April 8th 2008
Bush
According to a recent survey, 61% of the top historians in the U.S. rank George W. Bush as the worst president ever. When the president was told about it, he said he still has some months to convince the other 39%.
According to a Russian newspaper, a sniper located in the airport roof that was in charge of protecting the plane where President Bush arrived, pulled his pants down and went number two without leaving his post. Apparently, that is part of Russia’s sniper training, to create a body-double of your protected subject to confuse people.
Obama
While campaigning in Butte, Montana, Obama refused a shoe-shine from a local hero there. Apparently, Barak didn’t want to show his shoe size because people will immediately realize what half of him is white.
Probably, all politicians hate shoe-shining in public because they do not want people to see the kind of shoes they wear to work: clown shoes.
Olympics
The Olympic torch was extinguished several times as it traveled through Paris. Apparently, the French air of superiority kept putting it out.

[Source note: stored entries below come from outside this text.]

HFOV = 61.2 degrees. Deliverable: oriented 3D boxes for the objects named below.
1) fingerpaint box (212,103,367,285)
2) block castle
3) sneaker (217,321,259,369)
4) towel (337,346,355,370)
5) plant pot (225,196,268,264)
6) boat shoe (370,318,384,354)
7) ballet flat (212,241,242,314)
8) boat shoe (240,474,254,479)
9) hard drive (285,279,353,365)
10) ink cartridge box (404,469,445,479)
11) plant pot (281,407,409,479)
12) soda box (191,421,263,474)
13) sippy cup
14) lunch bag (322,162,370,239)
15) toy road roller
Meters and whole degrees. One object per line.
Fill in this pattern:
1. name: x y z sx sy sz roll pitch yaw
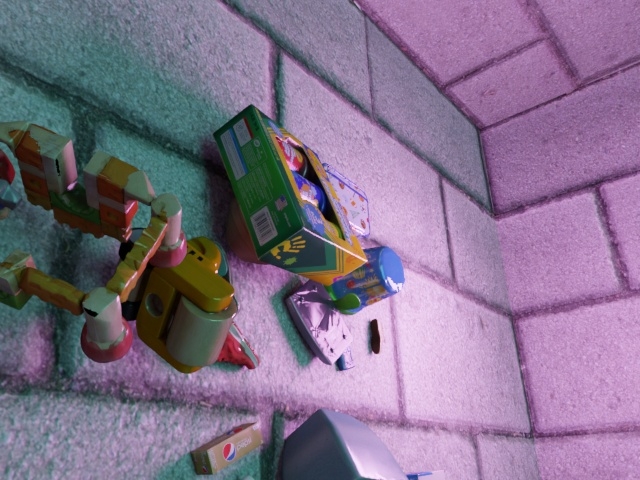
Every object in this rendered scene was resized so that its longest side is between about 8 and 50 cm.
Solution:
1. fingerpaint box: -0.082 -0.124 1.583 0.371 0.163 0.444 28 34 -56
2. block castle: -0.495 -0.006 0.962 0.454 0.212 0.302 23 53 -1
3. sneaker: -0.252 0.290 1.407 0.128 0.087 0.221 -37 129 -16
4. towel: 0.078 0.377 1.822 0.067 0.029 0.119 1 73 -52
5. plant pot: -0.195 -0.015 1.550 0.237 0.110 0.237 49 19 -24
6. boat shoe: 0.216 0.356 1.996 0.045 0.050 0.135 26 54 -38
7. ballet flat: -0.268 0.107 1.476 0.068 0.072 0.213 9 65 -81
8. boat shoe: -0.122 0.703 1.340 0.276 0.098 0.096 60 37 -12
9. hard drive: -0.005 0.257 1.730 0.254 0.054 0.172 59 39 -6
10. ink cartridge box: 0.256 0.812 1.674 0.171 0.233 0.168 20 57 -47
11. plant pot: 0.042 0.609 1.473 0.247 0.248 0.252 30 21 -42
12. soda box: -0.226 0.508 1.328 0.181 0.061 0.058 -9 81 -54
13. sippy cup: 0.162 0.125 1.887 0.240 0.224 0.305 33 50 -40
14. lunch bag: 0.062 -0.141 1.982 0.303 0.115 0.243 32 48 -42
15. toy road roller: -0.294 0.107 1.205 0.330 0.202 0.241 35 27 21
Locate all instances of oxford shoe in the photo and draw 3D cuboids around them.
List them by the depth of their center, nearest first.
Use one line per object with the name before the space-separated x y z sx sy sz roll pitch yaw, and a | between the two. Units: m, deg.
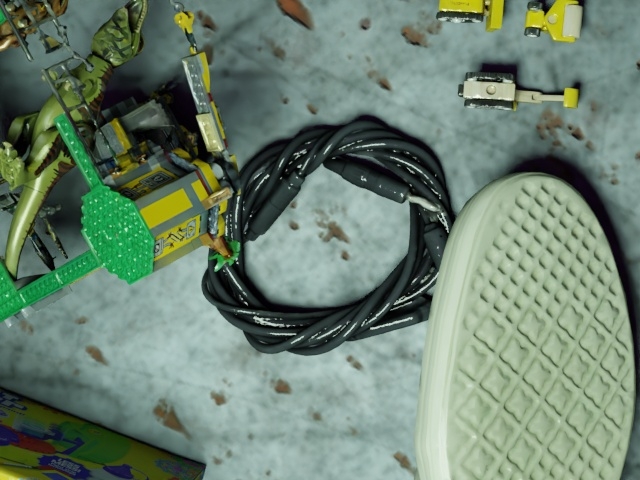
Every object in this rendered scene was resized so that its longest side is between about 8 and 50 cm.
oxford shoe | 0.120 0.179 1.162 0.169 0.130 0.449 -4 95 -27

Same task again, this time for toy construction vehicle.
toy construction vehicle | 0.127 -0.130 1.173 0.098 0.035 0.086 2 87 6

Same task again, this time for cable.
cable | 0.000 0.000 1.199 0.184 0.047 0.151 -14 95 11

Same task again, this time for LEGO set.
LEGO set | -0.154 -0.112 1.120 0.331 0.192 0.255 55 138 4

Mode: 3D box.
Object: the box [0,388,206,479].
box | -0.272 0.251 1.209 0.290 0.177 0.279 19 99 6
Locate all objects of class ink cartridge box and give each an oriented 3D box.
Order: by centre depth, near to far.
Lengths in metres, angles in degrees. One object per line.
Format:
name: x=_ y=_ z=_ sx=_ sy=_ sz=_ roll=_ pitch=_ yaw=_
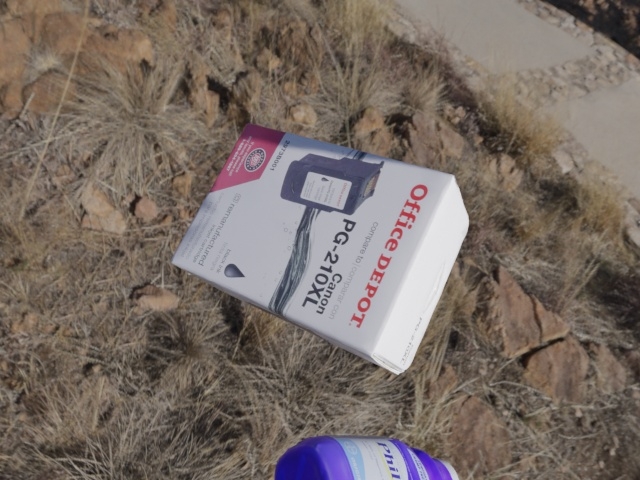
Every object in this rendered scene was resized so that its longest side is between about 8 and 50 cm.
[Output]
ink cartridge box: x=0.000 y=0.000 z=0.494 sx=0.237 sy=0.100 sz=0.172 roll=20 pitch=77 yaw=29

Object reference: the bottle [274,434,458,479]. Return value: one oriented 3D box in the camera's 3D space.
bottle: x=0.073 y=0.299 z=0.599 sx=0.283 sy=0.092 sz=0.118 roll=24 pitch=40 yaw=-44
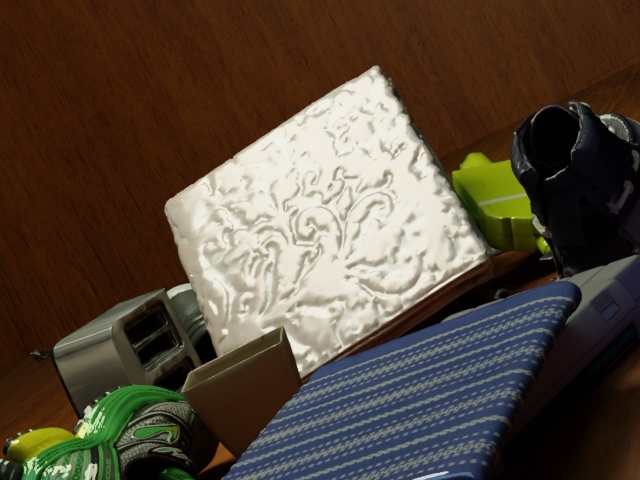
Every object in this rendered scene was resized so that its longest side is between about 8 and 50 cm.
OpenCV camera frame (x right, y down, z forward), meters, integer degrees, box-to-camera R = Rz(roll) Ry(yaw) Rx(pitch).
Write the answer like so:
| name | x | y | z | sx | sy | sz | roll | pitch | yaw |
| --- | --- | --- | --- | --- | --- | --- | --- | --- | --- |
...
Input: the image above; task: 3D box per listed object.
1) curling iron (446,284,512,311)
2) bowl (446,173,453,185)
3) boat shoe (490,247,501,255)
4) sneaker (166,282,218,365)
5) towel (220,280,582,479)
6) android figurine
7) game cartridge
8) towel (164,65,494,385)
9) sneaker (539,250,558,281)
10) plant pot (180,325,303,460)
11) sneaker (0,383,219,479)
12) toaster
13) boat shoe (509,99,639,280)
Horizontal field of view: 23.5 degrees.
| name | x | y | z | sx | sy | sz | roll | pitch | yaw |
| --- | --- | --- | --- | --- | --- | --- | --- | --- | --- |
| curling iron | 0.148 | 0.061 | 1.671 | 0.068 | 0.035 | 0.274 | 10 | -1 | -16 |
| bowl | 0.030 | 0.021 | 1.869 | 0.289 | 0.289 | 0.156 | -24 | 49 | 32 |
| boat shoe | 0.191 | -0.017 | 1.984 | 0.183 | 0.083 | 0.065 | -23 | 7 | 35 |
| sneaker | -0.054 | 0.109 | 2.012 | 0.295 | 0.104 | 0.147 | -9 | 32 | -12 |
| towel | 0.046 | 0.128 | 1.050 | 0.243 | 0.040 | 0.336 | -23 | 9 | 25 |
| android figurine | 0.252 | -0.046 | 1.749 | 0.248 | 0.056 | 0.273 | -12 | 24 | -8 |
| game cartridge | 0.104 | 0.127 | 1.209 | 0.230 | 0.068 | 0.355 | -17 | 11 | 43 |
| towel | 0.000 | 0.000 | 1.682 | 0.317 | 0.053 | 0.332 | -33 | 49 | 10 |
| sneaker | 0.298 | -0.011 | 1.584 | 0.089 | 0.051 | 0.170 | -18 | 14 | 36 |
| plant pot | -0.064 | 0.157 | 1.517 | 0.109 | 0.096 | 0.109 | -27 | 5 | 2 |
| sneaker | -0.167 | 0.226 | 1.406 | 0.146 | 0.134 | 0.343 | 13 | 11 | 16 |
| toaster | -0.226 | 0.164 | 1.861 | 0.110 | 0.168 | 0.185 | -23 | 6 | 31 |
| boat shoe | 0.262 | -0.085 | 1.502 | 0.127 | 0.158 | 0.340 | -21 | 22 | 17 |
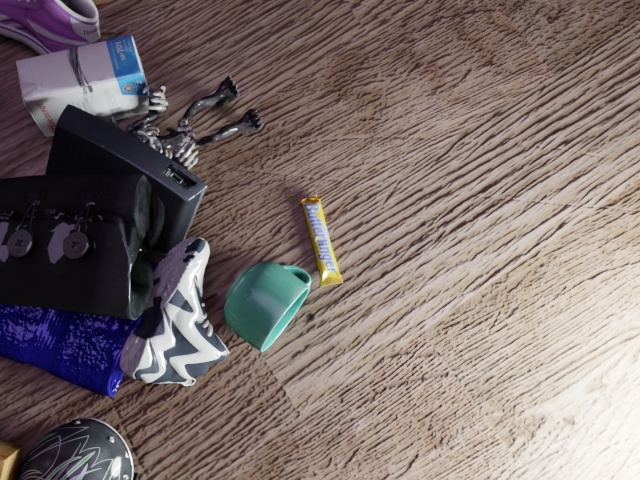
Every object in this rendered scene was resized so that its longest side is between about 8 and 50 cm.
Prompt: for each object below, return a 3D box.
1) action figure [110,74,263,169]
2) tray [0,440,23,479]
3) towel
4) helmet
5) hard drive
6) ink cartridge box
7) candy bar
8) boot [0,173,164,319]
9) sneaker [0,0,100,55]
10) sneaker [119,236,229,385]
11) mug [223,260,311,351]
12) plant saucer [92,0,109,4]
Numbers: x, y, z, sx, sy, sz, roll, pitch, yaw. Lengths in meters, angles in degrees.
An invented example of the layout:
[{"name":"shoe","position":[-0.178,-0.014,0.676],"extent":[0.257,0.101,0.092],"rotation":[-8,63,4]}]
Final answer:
[{"name":"action figure","position":[-0.246,-0.180,1.250],"extent":[0.275,0.141,0.164],"rotation":[-30,85,-15]},{"name":"tray","position":[-0.558,0.466,1.021],"extent":[0.202,0.076,0.411],"rotation":[13,93,-1]},{"name":"towel","position":[-0.425,0.091,1.193],"extent":[0.308,0.076,0.228],"rotation":[20,74,0]},{"name":"helmet","position":[-0.352,0.342,1.087],"extent":[0.169,0.161,0.170],"rotation":[1,75,-5]},{"name":"hard drive","position":[-0.322,-0.088,1.203],"extent":[0.254,0.172,0.054],"rotation":[30,37,0]},{"name":"ink cartridge box","position":[-0.388,-0.255,1.254],"extent":[0.190,0.140,0.082],"rotation":[-14,75,-9]},{"name":"candy bar","position":[0.000,0.000,1.285],"extent":[0.040,0.018,0.162],"rotation":[-12,77,-8]},{"name":"boot","position":[-0.469,0.079,1.089],"extent":[0.445,0.146,0.367],"rotation":[3,80,1]},{"name":"sneaker","position":[-0.493,-0.416,1.269],"extent":[0.282,0.161,0.102],"rotation":[28,53,-1]},{"name":"sneaker","position":[-0.197,0.122,1.178],"extent":[0.153,0.094,0.235],"rotation":[28,76,-38]},{"name":"mug","position":[-0.090,0.096,1.206],"extent":[0.097,0.158,0.129],"rotation":[36,99,7]},{"name":"plant saucer","position":[-0.429,-0.529,1.378],"extent":[0.198,0.036,0.199],"rotation":[2,74,-5]}]
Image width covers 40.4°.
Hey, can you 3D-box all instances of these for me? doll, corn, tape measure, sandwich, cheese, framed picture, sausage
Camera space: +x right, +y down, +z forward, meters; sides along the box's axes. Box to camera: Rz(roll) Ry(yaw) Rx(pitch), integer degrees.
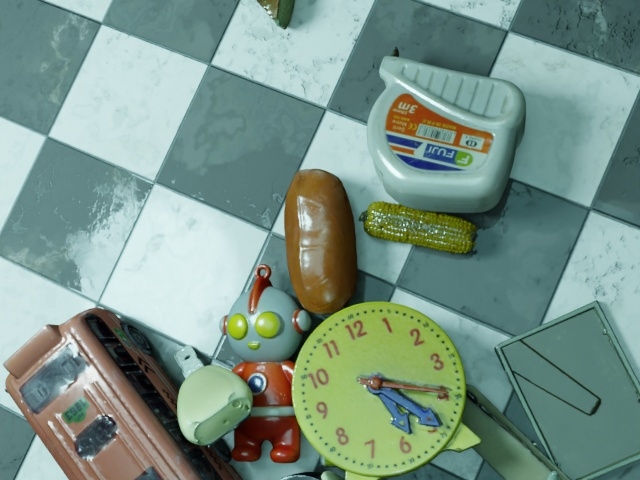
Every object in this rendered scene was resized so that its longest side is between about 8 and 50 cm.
[{"bbox_3d":[-0.094,0.207,1.485,0.200,0.105,0.336,-4,80,26],"label":"doll"},{"bbox_3d":[0.167,-0.023,1.493,0.207,0.068,0.068,11,82,14],"label":"corn"},{"bbox_3d":[0.204,-0.178,1.473,0.258,0.130,0.265,16,74,16],"label":"tape measure"},{"bbox_3d":[-0.111,-0.510,1.625,0.096,0.094,0.258,-34,74,6],"label":"sandwich"},{"bbox_3d":[-0.200,0.243,1.465,0.127,0.054,0.251,-36,32,-8],"label":"cheese"},{"bbox_3d":[0.423,0.250,1.413,0.189,0.023,0.260,-27,76,6],"label":"framed picture"},{"bbox_3d":[0.000,0.000,1.495,0.133,0.133,0.258,-6,78,11],"label":"sausage"},{"bbox_3d":[0.357,0.392,1.385,0.400,0.034,0.085,43,120,16],"label":"cheese"}]

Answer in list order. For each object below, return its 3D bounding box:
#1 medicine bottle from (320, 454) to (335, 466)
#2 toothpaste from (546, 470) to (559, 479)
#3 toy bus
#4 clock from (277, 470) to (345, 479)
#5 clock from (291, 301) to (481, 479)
[{"bbox_3d":[0.098,0.307,1.437,0.189,0.088,0.132,-4,74,11],"label":"medicine bottle"},{"bbox_3d":[0.346,0.449,1.362,0.057,0.035,0.197,13,106,15],"label":"toothpaste"},{"bbox_3d":[-0.335,0.318,1.453,0.203,0.233,0.427,-42,75,3],"label":"toy bus"},{"bbox_3d":[-0.012,0.564,1.390,0.277,0.120,0.378,13,86,18],"label":"clock"},{"bbox_3d":[0.092,0.234,1.374,0.277,0.071,0.293,-29,68,-2],"label":"clock"}]
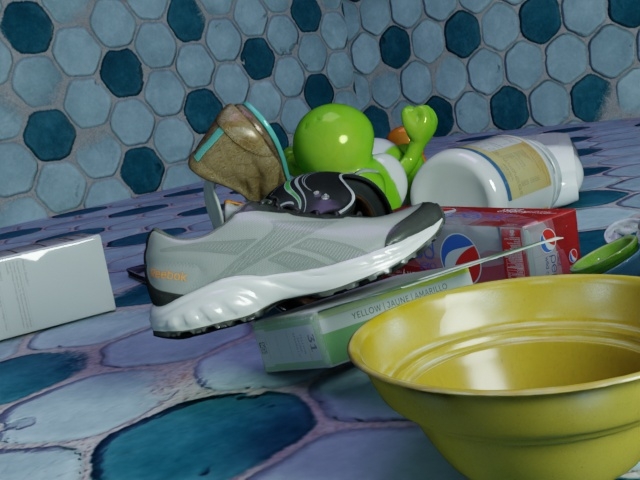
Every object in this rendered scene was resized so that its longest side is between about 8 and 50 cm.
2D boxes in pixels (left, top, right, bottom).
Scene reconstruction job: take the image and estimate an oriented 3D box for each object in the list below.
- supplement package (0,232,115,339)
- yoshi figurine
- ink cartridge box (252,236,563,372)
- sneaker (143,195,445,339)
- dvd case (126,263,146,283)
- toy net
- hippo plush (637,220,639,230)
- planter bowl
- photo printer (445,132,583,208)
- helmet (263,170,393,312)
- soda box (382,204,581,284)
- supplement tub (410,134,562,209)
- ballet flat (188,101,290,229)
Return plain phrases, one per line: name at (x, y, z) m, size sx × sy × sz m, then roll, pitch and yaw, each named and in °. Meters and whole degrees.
supplement package at (-0.379, 0.059, 1.073) m, size 0.179 × 0.105 × 0.105 m, roll -14°, pitch 9°, yaw -30°
yoshi figurine at (0.057, -0.124, 1.172) m, size 0.203 × 0.203 × 0.362 m, roll 25°, pitch 14°, yaw 6°
ink cartridge box at (0.069, 0.058, 0.682) m, size 0.171 × 0.056 × 0.235 m, roll -15°, pitch -1°, yaw -32°
sneaker at (-0.021, 0.004, 0.698) m, size 0.272 × 0.107 × 0.100 m, roll -15°, pitch -5°, yaw -10°
dvd case at (-0.193, 0.041, 1.258) m, size 0.165 × 0.018 × 0.221 m, roll -14°, pitch 11°, yaw -27°
toy net at (0.322, 0.002, 0.824) m, size 0.122 × 0.045 × 0.232 m, roll -32°, pitch -1°, yaw 21°
hippo plush at (0.377, -0.043, 0.556) m, size 0.237 × 0.294 × 0.234 m, roll -22°, pitch -7°, yaw -24°
planter bowl at (0.130, 0.090, 0.485) m, size 0.217 × 0.090 × 0.217 m, roll -10°, pitch 10°, yaw 2°
photo printer at (0.321, -0.114, 1.407) m, size 0.256 × 0.107 × 0.307 m, roll -6°, pitch 11°, yaw 16°
helmet at (0.000, 0.000, 0.914) m, size 0.170 × 0.169 × 0.161 m, roll -8°, pitch 24°, yaw 6°
soda box at (0.162, 0.009, 0.929) m, size 0.092 × 0.083 × 0.263 m, roll -16°, pitch 13°, yaw -35°
supplement tub at (0.236, -0.069, 1.130) m, size 0.144 × 0.144 × 0.200 m, roll 0°, pitch 13°, yaw 42°
ballet flat at (-0.074, -0.036, 1.032) m, size 0.124 × 0.116 × 0.342 m, roll -39°, pitch -31°, yaw -4°
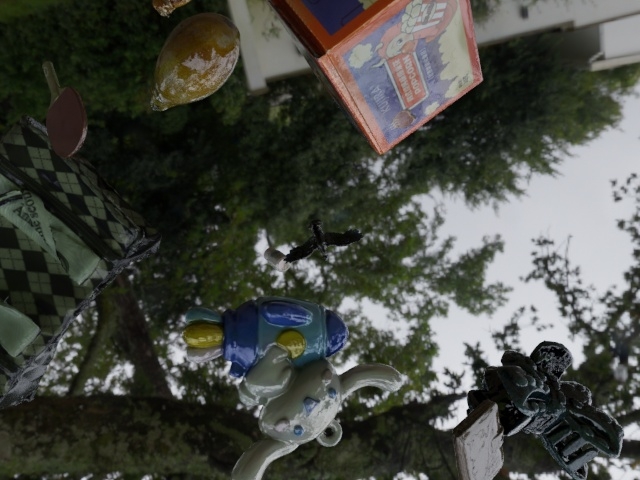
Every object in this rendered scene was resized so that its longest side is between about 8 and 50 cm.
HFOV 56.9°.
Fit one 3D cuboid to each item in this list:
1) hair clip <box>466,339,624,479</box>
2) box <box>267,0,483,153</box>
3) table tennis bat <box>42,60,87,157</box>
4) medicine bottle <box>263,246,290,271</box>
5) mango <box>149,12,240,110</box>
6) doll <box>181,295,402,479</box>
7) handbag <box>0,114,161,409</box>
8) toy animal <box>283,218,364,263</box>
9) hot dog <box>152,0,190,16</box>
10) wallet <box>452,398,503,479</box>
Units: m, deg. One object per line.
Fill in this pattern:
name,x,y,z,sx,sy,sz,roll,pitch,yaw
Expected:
hair clip,0.448,0.330,1.196,0.194,0.310,0.206,-52,-164,27
box,0.077,-0.394,1.043,0.257,0.318,0.349,-35,156,7
table tennis bat,-0.371,-0.191,0.845,0.087,0.156,0.013,-36,160,30
medicine bottle,-0.132,0.056,1.781,0.052,0.052,0.089,-23,-147,-26
mango,-0.282,-0.374,1.280,0.316,0.146,0.192,-25,-148,51
doll,-0.066,0.235,1.124,0.376,0.365,0.187,-30,179,-41
handbag,-0.500,0.046,1.003,0.416,0.317,0.180,-52,169,0
toy animal,0.000,0.000,1.543,0.220,0.108,0.062,-21,-171,2
hot dog,-0.234,-0.531,0.972,0.135,0.337,0.100,18,170,-39
wallet,0.271,0.357,1.013,0.118,0.152,0.039,-26,-156,-33
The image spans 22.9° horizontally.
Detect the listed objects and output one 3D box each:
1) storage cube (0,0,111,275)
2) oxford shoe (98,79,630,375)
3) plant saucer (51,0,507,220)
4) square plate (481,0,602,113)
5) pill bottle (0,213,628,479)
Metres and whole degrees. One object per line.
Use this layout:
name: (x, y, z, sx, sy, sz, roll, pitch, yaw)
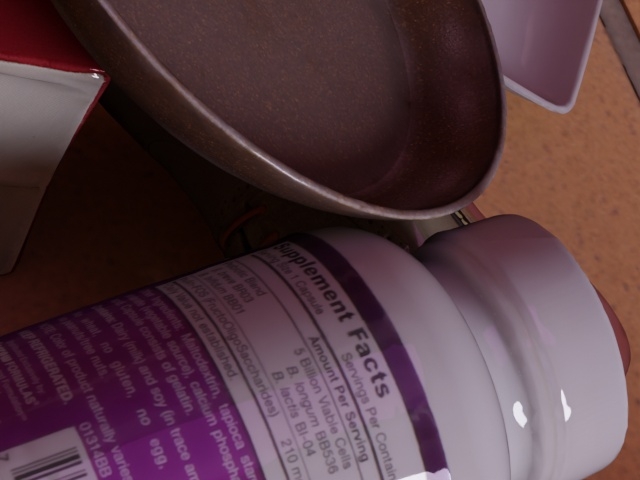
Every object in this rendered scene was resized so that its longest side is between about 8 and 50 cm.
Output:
storage cube: (-0.211, -0.115, 0.730, 0.215, 0.184, 0.193, 7, 57, -24)
oxford shoe: (0.000, 0.000, 0.809, 0.348, 0.123, 0.130, 38, 55, 1)
plant saucer: (-0.034, -0.135, 0.710, 0.310, 0.050, 0.311, 33, 38, -30)
square plate: (0.047, -0.271, 1.055, 0.344, 0.049, 0.347, 29, 51, -8)
pill bottle: (-0.029, 0.092, 0.662, 0.301, 0.169, 0.169, -19, 69, -21)

The Olympic torch was extinguished several times as it traveled through Paris. Apparently, the high price of oil is affecting everybody.
Fergie
Singer Fergie confessed that she drinks vinegar to have a six pack stomach. Ironically, men need another kind of six pack to be able to put up with her bad breath, now.
Singer Fergie confessed that she drinks vinegar to have a six pack stomach. Judging by her face, we all thought the only celebrity drinking vinegar was Renée Zellweger.
Women
A new study from the University of Michigan shows that having a husband creates an extra seven hours of extra housework a week for women. But in all fairness, wives still have more free time, because they do not have sex anymore.
Gas
The U.S. will have this summer the first drop in motor fuel consumption since 1991. Apparently, Americans do not need gas anymore because they do not have jobs to drive to.
Ashcroft
Former Attorney General John Ashcroft drew the ire of students at liberal Skidmore College this week when he confused the name of Barack Obama with that of Osama bin Laden. I don’t think Ashcroft got it, because he immediately apologized to Osama.
Police
A man in Pennsylvania lost more than 200 lbs. to be able to become a policeman. The man is expected to regain the weight back in two weeks after a strict diet of donuts and pizza.